0
votes

I am having a bit of difficulty understanding how to pass a column from a nested tibble into a function argument. As an example, the following code return the mean of "cyl" grouped by "am":

test <- mtcars %>% 
  group_by(am) %>% 
  nest()

get_mean <- function (df) {
  return (mean(df$cyl))
}

test <- test %>% 
  mutate(mean = map_dbl(data, get_mean))

But what I wanted the mean of a column other than cyl, and wanted to pass that into the function as an argument? I know this is wrong code, but I would try to write something like this:

test <- mtcars %>% 
  group_by(am) %>% 
  nest()

get_mean <- function (df, column) {
  return (mean(df${{column}}))
}

test <- test %>% 
  mutate(mean = map_dbl(data, get_mean, column))

Any help around this would be appreciated. How would I get column into the map function and how am I supposed to write df${{column}}?

2

2 Answers

0
votes

This should do what you want.

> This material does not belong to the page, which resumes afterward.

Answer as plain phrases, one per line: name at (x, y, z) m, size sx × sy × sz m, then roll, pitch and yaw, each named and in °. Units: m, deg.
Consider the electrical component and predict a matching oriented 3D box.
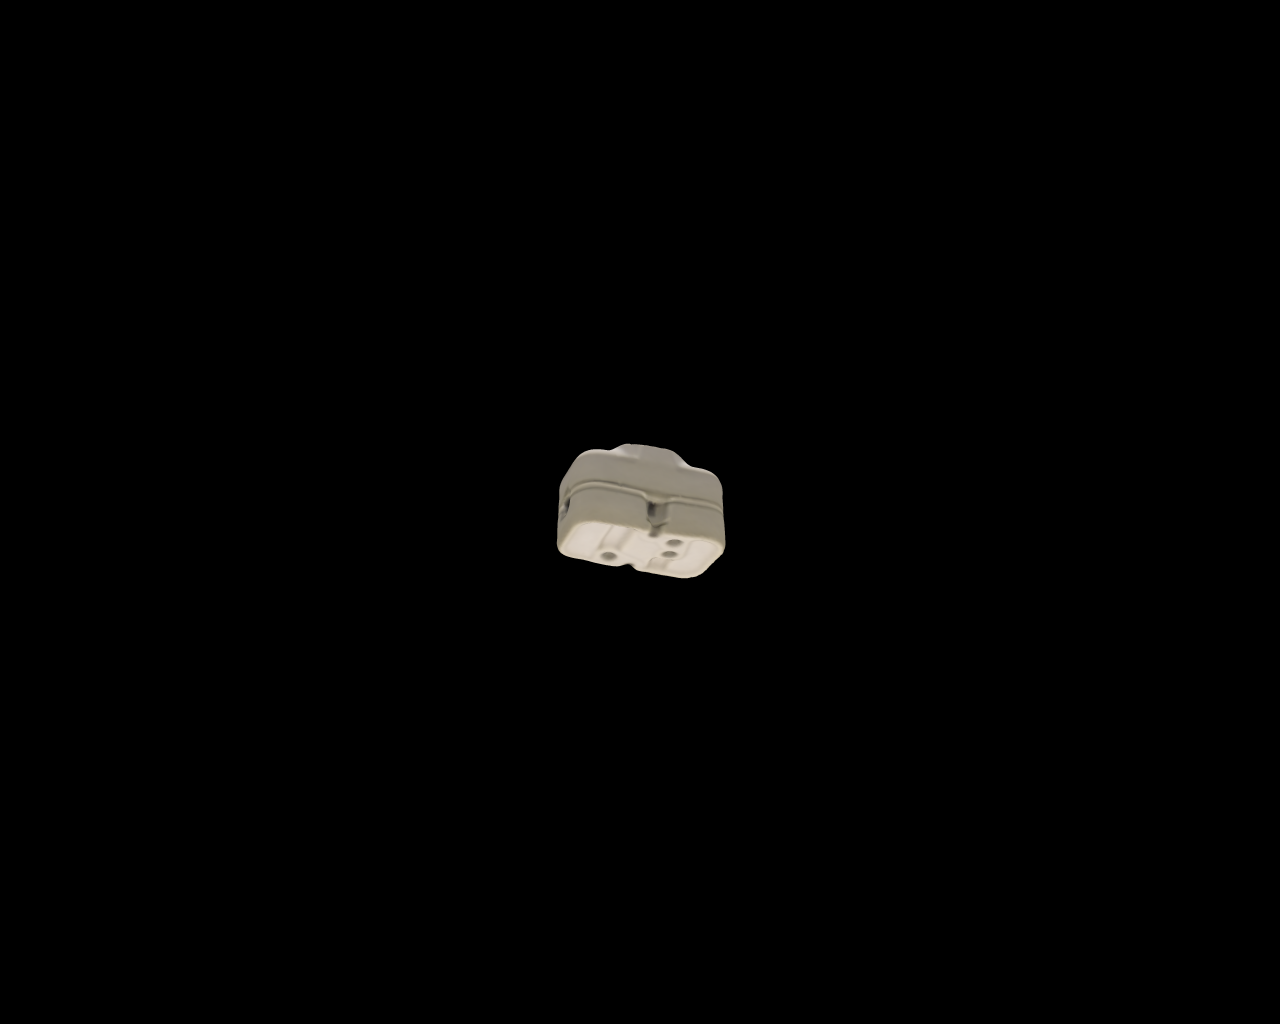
electrical component at (0.001, -0.003, 0.650) m, size 0.095 × 0.059 × 0.053 m, roll 11°, pitch -32°, yaw -18°

You can dynamically extract columns from dataframes using the strings inside a variable using the [[]] operator instead of $.

library(purrr)
library(dplyr)
library(tidyr)

nest_data <- mtcars %>% 
  group_by(am) %>% 
  nest()

get_mean <- function (df, column) {
  return (mean(df[[column]]))
}

test_cyl <- nest_data %>% 
  mutate(mean = map_dbl(data, get_mean, "cyl"))
    
test_mpg <- nest_data %>% 
  mutate(mean = map_dbl(data, get_mean, "mpg"))
0
votes

You can use the following -

library(dplyr)
library(purrr)

get_mean <- function (df, column) {
  df %>%
    select(-{{column}}) %>%
    unlist %>% mean
}

test %>%  ungroup %>% mutate(mean = map_dbl(data, get_mean, cyl))

#     am data                mean
#  <dbl> <list>             <dbl>
#1     1 <tibble [13 × 10]>  36.3
#2     0 <tibble [19 × 10]>  55.5